Contents of d- and l-serine in reagents. (A) Concentration of amino acids in FCS (left) and dialyzed FCS (right). (B and C) Purity of d- (B) and l-serine (C). Levels of d- and l-serine were measured.

Figure 8.

d-serine activates cellular proliferation via an mTOR-related pathway. (A and B) Time course of relative growth of normal human RPTEC cells (A) and HK-2 cells (B) treated with or without 10 μM of d-serine in a serine-free medium. n=18; statistics, two-way ANOVA, (A) P<0.01 and (B) P<0.001 for interaction effect. (C) Western blots of phospho-S6K (p-S6K) at Thr389 from HK-2 cells that were treated with 5 μM of either d- or l-serine for 10 minutes in a serine-free medium. Representative images of five independent experiments and their quantification. RI, relative index; a.a., amino acids.
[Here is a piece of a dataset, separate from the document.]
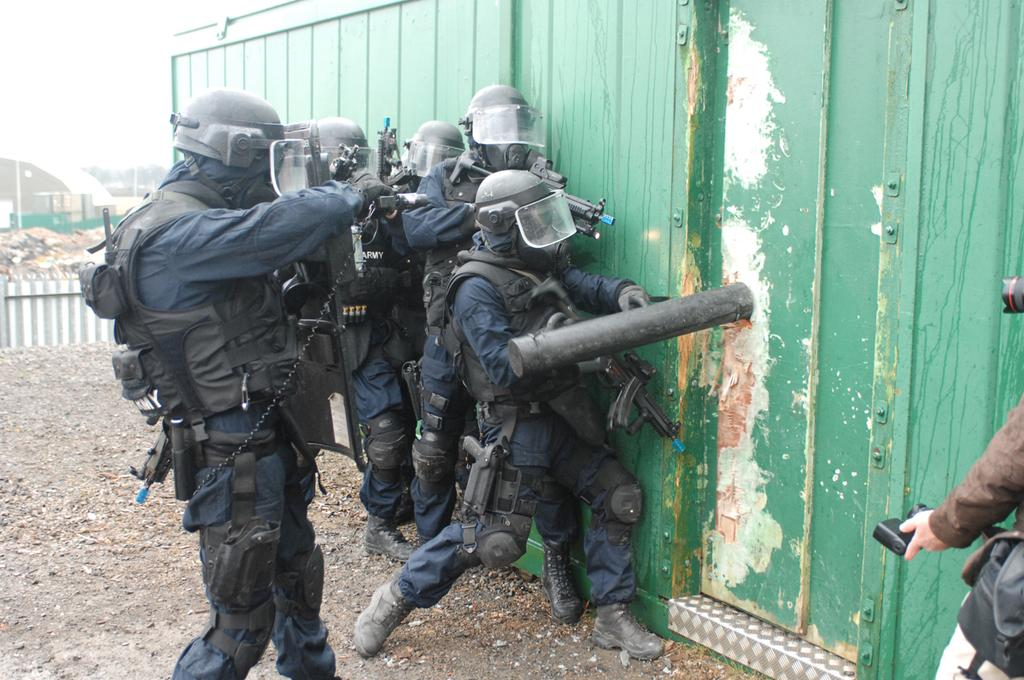What are the people in the image holding? The people in the image are holding guns. What type of structure can be seen in the image? There is a wall in the image. Are there any openings in the wall? Yes, there are doors in the image. What type of vegetation is visible in the image? There are trees in the image. What else can be seen in the image besides the people, wall, doors, and trees? There are poles in the image. What is visible in the background of the image? The sky is visible in the background of the image. Can you tell me how many cubs are playing with the monkey in the image? There are no cubs or monkeys present in the image.

Statistics, one-way ANOVA with Dunnett’s post-hoc test. (D) Immunoblots for phospho-S6 ribosomal protein (p-S6RP) at Ser235/236 from the kidney cortexes of 10-week-old C57 BL/6 male mice that had been fed with a serine-free diet and water with or without 0.1% d-serine for 1 week, subjected to unilateral nephrectomy (UNX) or not, and then sacrificed 2 days after operation. Representative images of three independent experiments and their quantification. RI, relative index. Statistics, one-way ANOVA with Dunnett’s post-hoc test. (E–G) Time course of relative growth of p18-revertant (Rev; Rheb wild-type) mouse embryonic fibroblasts (MEF (E), p18-deficient MEF (F), and Rheb-deficient MEF (G). Cells were treated with or without 5 μM of d-serine upon replacement to a serine-free medium. n=15; statistics, two-way ANOVA ((E) *P<0.05 for main effect of d-serine; (E–G) P<0.001 for main effect of time). (H) High content microscopy quantification of mTOR and LAMP2 colocalization in HK-2 cells that were incubated in a culture medium, then starved for amino acids in the presence of 5 μM of either d- or l-serine for 10 minutes. Mask overlay, primary objects (algorithm-defined cellular boundaries on the basis of CellMask, pseudo-color in red, and internal secondary objects, computationally defined colocalization between mTOR, green, and LAMP2, yellow). Scale bars, 10 μm. n=30; statistics, one-way ANOVA with Bonferroni’s post-hoc test. (I) Schematic summary of this study. d-serine promotes cellular proliferation via the mTOR/p18/Rheb pathway. As a result, d-serine mediates kidney remodeling after unilateral nephrectomy. *P<0.05, **P<0.01, ***P<0.001. Data, mean±SEM.